Your task: Your task is to find every line of the listing that includes "each" and copy it.

******

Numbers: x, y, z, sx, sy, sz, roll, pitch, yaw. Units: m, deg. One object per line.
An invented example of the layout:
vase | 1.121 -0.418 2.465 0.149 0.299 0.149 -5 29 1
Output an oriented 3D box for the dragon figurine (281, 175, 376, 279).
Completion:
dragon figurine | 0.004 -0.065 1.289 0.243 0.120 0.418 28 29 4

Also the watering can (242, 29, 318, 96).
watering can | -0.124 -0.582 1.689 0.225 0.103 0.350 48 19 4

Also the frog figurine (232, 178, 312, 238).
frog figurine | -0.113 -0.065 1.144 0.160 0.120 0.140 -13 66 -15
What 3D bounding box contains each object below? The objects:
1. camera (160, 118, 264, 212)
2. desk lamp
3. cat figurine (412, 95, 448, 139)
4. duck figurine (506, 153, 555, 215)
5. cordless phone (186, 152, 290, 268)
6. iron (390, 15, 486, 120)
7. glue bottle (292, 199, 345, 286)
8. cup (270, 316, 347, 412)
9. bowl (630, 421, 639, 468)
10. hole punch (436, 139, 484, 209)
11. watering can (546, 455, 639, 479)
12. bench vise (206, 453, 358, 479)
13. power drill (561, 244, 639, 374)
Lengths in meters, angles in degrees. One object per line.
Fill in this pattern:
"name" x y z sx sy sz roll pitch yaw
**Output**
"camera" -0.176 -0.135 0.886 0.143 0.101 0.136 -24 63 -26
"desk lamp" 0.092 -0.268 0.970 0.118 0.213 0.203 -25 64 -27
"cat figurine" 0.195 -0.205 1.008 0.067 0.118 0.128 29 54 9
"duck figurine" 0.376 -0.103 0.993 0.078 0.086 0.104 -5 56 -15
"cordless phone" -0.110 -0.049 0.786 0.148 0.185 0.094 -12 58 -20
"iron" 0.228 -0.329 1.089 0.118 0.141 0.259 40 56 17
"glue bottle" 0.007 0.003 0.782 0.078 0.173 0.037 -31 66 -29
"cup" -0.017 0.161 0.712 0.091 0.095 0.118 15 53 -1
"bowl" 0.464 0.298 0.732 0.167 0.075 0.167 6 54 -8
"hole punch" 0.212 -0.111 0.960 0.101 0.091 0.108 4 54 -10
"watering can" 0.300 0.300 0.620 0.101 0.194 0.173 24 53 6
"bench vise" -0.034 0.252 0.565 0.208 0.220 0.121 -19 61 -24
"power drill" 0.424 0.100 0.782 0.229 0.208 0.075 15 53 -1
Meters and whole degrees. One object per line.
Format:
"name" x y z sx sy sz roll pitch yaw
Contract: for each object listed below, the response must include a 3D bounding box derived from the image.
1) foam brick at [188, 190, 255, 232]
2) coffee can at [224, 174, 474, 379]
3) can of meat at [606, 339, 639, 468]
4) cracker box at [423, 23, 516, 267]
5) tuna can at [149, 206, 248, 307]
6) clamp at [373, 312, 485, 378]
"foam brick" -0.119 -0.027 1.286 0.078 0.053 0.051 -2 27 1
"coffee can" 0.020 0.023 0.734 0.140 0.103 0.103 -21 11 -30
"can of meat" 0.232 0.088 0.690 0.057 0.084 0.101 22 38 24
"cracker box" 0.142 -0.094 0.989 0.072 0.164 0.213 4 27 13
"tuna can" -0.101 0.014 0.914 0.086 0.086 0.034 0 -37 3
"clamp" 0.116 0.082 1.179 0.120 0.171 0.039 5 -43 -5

******

Problem solution:
What 3D bounding box contains each object below? The objects:
Contract: for each object listed below, the response must include a 3D bounding box derived from the image.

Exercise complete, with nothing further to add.